■ TASK TO COMPLETE
Going through the entries below, count each line that holds "onderbord" and give only the total.

[Collection entries]
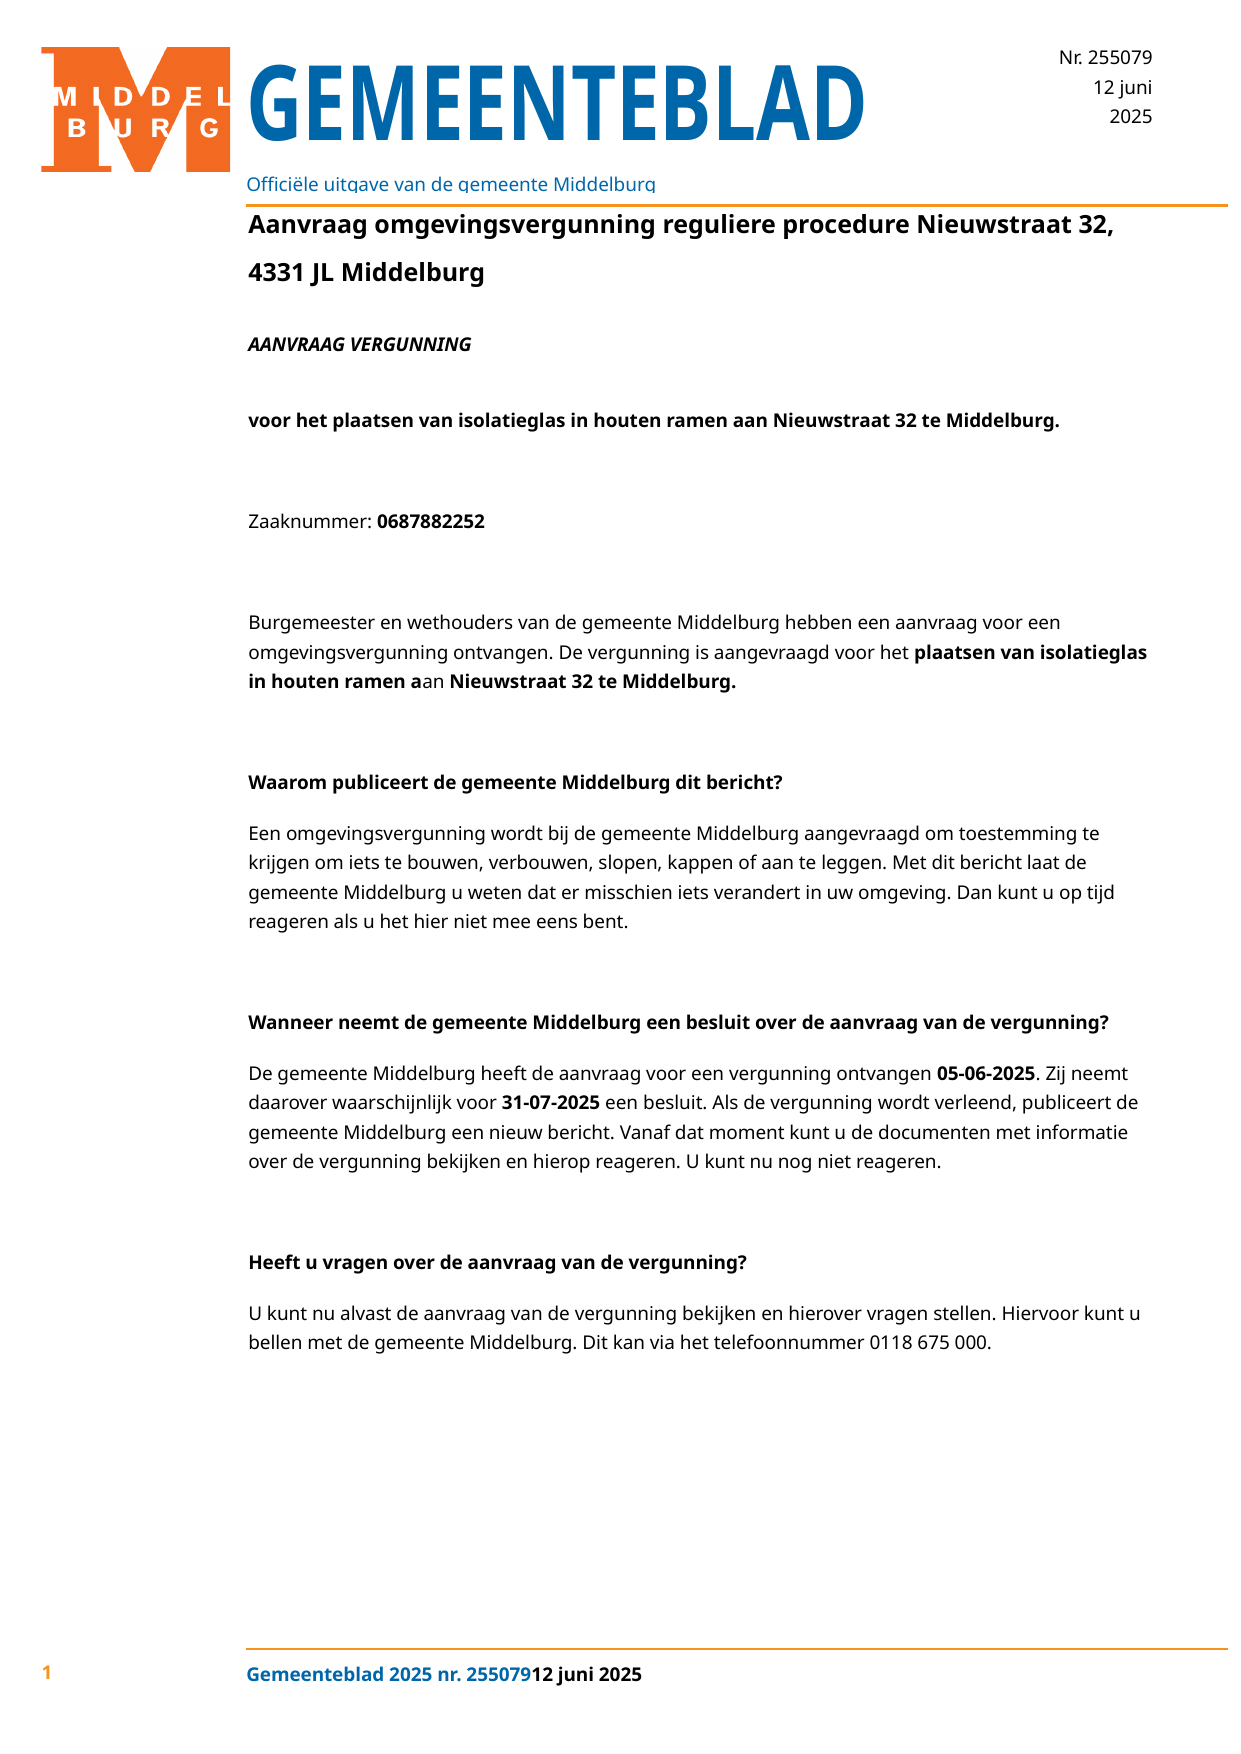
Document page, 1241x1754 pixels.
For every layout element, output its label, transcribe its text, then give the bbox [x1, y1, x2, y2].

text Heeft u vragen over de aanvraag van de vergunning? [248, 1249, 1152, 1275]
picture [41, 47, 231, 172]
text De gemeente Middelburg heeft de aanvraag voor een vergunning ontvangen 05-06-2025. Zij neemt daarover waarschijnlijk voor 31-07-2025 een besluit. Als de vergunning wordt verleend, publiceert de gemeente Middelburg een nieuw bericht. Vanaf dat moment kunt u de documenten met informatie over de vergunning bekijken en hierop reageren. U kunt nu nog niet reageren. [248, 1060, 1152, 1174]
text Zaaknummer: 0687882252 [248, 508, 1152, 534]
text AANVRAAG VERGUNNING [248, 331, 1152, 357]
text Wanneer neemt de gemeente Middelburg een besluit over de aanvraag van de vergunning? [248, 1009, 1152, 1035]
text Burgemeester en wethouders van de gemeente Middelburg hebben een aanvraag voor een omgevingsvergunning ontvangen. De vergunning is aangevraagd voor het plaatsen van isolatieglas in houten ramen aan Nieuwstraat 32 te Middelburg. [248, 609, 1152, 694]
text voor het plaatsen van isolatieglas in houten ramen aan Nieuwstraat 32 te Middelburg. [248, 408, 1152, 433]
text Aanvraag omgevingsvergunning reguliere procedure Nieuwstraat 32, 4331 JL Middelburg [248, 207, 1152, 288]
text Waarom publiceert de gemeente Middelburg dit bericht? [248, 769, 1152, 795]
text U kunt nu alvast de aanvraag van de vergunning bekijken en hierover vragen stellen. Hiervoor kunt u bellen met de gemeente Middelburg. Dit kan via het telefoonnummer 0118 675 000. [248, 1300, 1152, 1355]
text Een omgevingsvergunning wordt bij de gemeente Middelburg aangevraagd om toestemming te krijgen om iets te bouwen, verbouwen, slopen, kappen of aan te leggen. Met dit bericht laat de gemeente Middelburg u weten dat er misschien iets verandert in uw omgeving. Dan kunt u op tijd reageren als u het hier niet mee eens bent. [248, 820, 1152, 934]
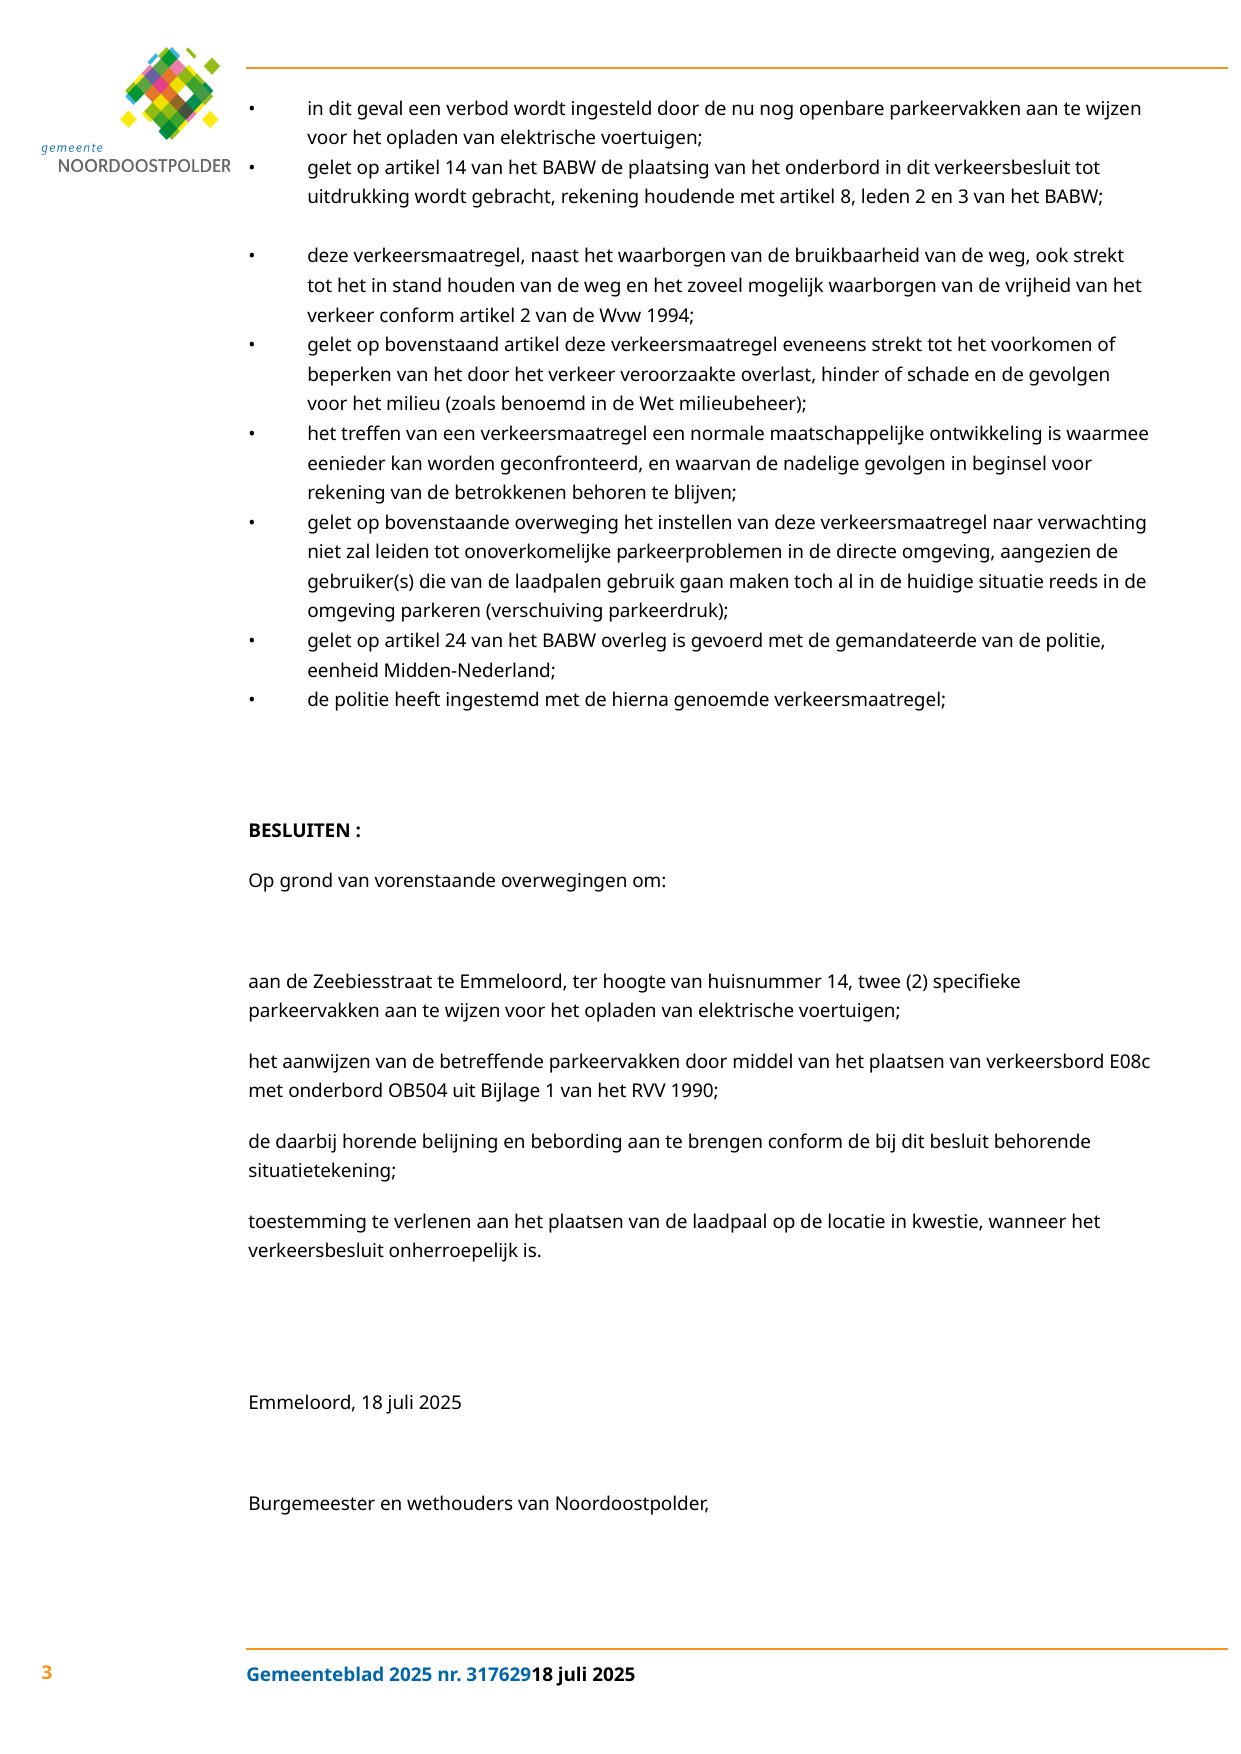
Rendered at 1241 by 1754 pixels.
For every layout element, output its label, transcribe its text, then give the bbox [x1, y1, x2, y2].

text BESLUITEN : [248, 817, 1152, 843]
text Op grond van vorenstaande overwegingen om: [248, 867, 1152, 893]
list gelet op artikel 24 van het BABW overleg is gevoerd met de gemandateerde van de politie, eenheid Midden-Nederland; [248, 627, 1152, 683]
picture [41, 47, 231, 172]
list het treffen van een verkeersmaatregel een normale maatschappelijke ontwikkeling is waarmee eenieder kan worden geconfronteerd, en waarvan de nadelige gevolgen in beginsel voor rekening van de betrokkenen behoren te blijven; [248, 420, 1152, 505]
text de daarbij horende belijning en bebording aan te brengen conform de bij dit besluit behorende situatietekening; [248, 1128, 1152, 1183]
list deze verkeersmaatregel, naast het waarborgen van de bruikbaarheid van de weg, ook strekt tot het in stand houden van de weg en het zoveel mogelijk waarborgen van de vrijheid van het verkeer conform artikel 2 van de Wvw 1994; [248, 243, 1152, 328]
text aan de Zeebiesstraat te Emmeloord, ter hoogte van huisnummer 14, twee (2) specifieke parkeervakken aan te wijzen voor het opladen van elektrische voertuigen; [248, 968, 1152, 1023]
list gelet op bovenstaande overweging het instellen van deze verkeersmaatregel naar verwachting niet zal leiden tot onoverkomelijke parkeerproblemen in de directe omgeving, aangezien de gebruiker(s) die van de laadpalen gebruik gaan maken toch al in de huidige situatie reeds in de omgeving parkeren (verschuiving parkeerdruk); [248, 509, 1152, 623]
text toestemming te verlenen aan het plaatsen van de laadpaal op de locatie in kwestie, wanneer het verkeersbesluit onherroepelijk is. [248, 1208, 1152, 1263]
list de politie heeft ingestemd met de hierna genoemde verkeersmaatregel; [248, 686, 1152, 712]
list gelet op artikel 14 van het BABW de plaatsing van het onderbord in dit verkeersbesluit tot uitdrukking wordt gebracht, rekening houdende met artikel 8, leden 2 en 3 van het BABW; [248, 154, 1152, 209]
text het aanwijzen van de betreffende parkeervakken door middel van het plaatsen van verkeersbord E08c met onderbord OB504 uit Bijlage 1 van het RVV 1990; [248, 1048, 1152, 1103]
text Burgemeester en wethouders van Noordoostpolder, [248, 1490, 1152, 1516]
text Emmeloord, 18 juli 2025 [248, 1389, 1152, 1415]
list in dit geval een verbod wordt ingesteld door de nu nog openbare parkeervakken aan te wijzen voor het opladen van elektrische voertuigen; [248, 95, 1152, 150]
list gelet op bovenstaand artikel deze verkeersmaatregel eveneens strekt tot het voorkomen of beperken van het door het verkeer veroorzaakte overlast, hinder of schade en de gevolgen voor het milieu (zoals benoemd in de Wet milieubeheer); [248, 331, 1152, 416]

■ EXERCISE RESULT
2